Place the cubed chicken, sliced carrots, celery, and frozen peas in a large pan and cover with salted water. Bring to a boil and cook until the veggies are fork-tender and the chicken is no longer pink inside, about 7-9 minutes. Drain and cover to keep warm. Set aside.: The aroma of the simmering water becomes savory and reassuring, and you will hear a soft rolling boil as the starches and proteins begin to relax. This method ensures the chicken cooks gently and the vegetables become tender without falling apart. Listen for a quiet simmer rather than a furious bubble, which helps keep the pieces intact. A common mistake is boiling too hard, which toughens the chicken and makes the vegetables mushy. Keep a wooden spoon nearby to gently stir once or twice, and check the chicken at the thickest piece to confirm it is no longer pink inside.

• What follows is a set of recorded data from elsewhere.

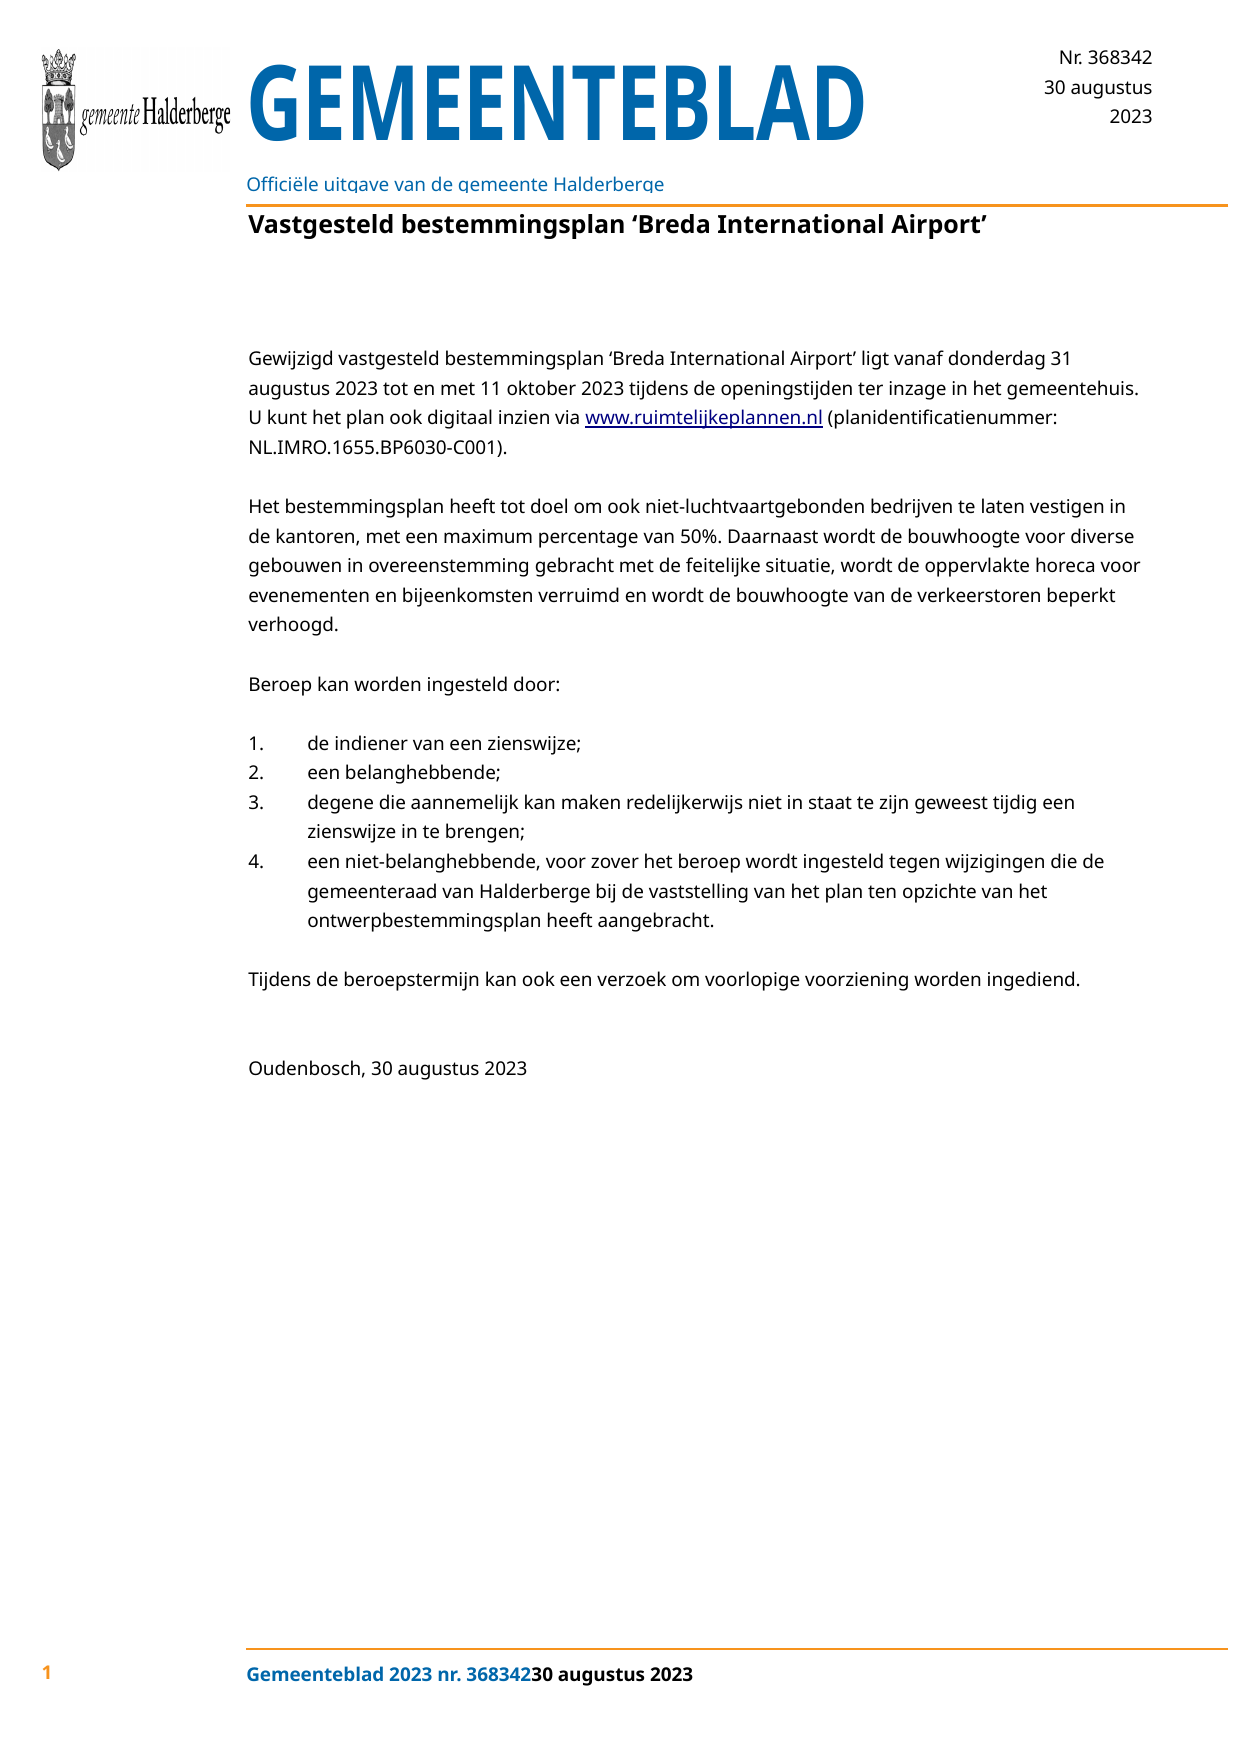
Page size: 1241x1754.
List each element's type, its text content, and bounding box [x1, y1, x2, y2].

text Vastgesteld bestemmingsplan ‘Breda International Airport’ [248, 207, 1152, 241]
text Oudenbosch, 30 augustus 2023 [248, 1055, 1152, 1081]
list degene die aannemelijk kan maken redelijkerwijs niet in staat te zijn geweest tijdig een zienswijze in te brengen; [248, 789, 1152, 844]
list een belanghebbende; [248, 759, 1152, 785]
picture [41, 47, 231, 172]
text Het bestemmingsplan heeft tot doel om ook niet-luchtvaartgebonden bedrijven te laten vestigen in de kantoren, met een maximum percentage van 50%. Daarnaast wordt de bouwhoogte voor diverse gebouwen in overeenstemming gebracht met de feitelijke situatie, wordt de oppervlakte horeca voor evenementen en bijeenkomsten verruimd en wordt de bouwhoogte van de verkeerstoren beperkt verhoogd. [248, 493, 1152, 637]
text Tijdens de beroepstermijn kan ook een verzoek om voorlopige voorziening worden ingediend. [248, 967, 1152, 992]
list de indiener van een zienswijze; [248, 730, 1152, 756]
text Gewijzigd vastgesteld bestemmingsplan ‘Breda International Airport’ ligt vanaf donderdag 31 augustus 2023 tot en met 11 oktober 2023 tijdens de openingstijden ter inzage in het gemeentehuis. U kunt het plan ook digitaal inzien via www.ruimtelijkeplannen.nl (planidentificatienummer: NL.IMRO.1655.BP6030-C001). [248, 345, 1152, 460]
text Beroep kan worden ingesteld door: [248, 671, 1152, 696]
list een niet-belanghebbende, voor zover het beroep wordt ingesteld tegen wijzigingen die de gemeenteraad van Halderberge bij de vaststelling van het plan ten opzichte van het ontwerpbestemmingsplan heeft aangebracht. [248, 848, 1152, 933]

While the chicken cooks, melt the butter in a large saucepan over medium-high heat. Add the onions and cook until golden brown, about 1 minute. Add the almond flour and coconut flour and cook, stirring constantly, until golden brown and the flour begins to absorb the butter, just 1 minute or so.: As the pot moves from simmer to a gentle boil, you will notice the liquid turn slightly cloudier, an indication that flavor is donating from the ingredients into the poaching liquid. When a fork slides into the carrot easily and the chicken has lost its pink center, the timing is right. Overcooking here is easy to do, leading to dry chicken and overly soft vegetables. Remove promptly and drain; keeping them covered will trap heat and keep everything warm while you finish other components.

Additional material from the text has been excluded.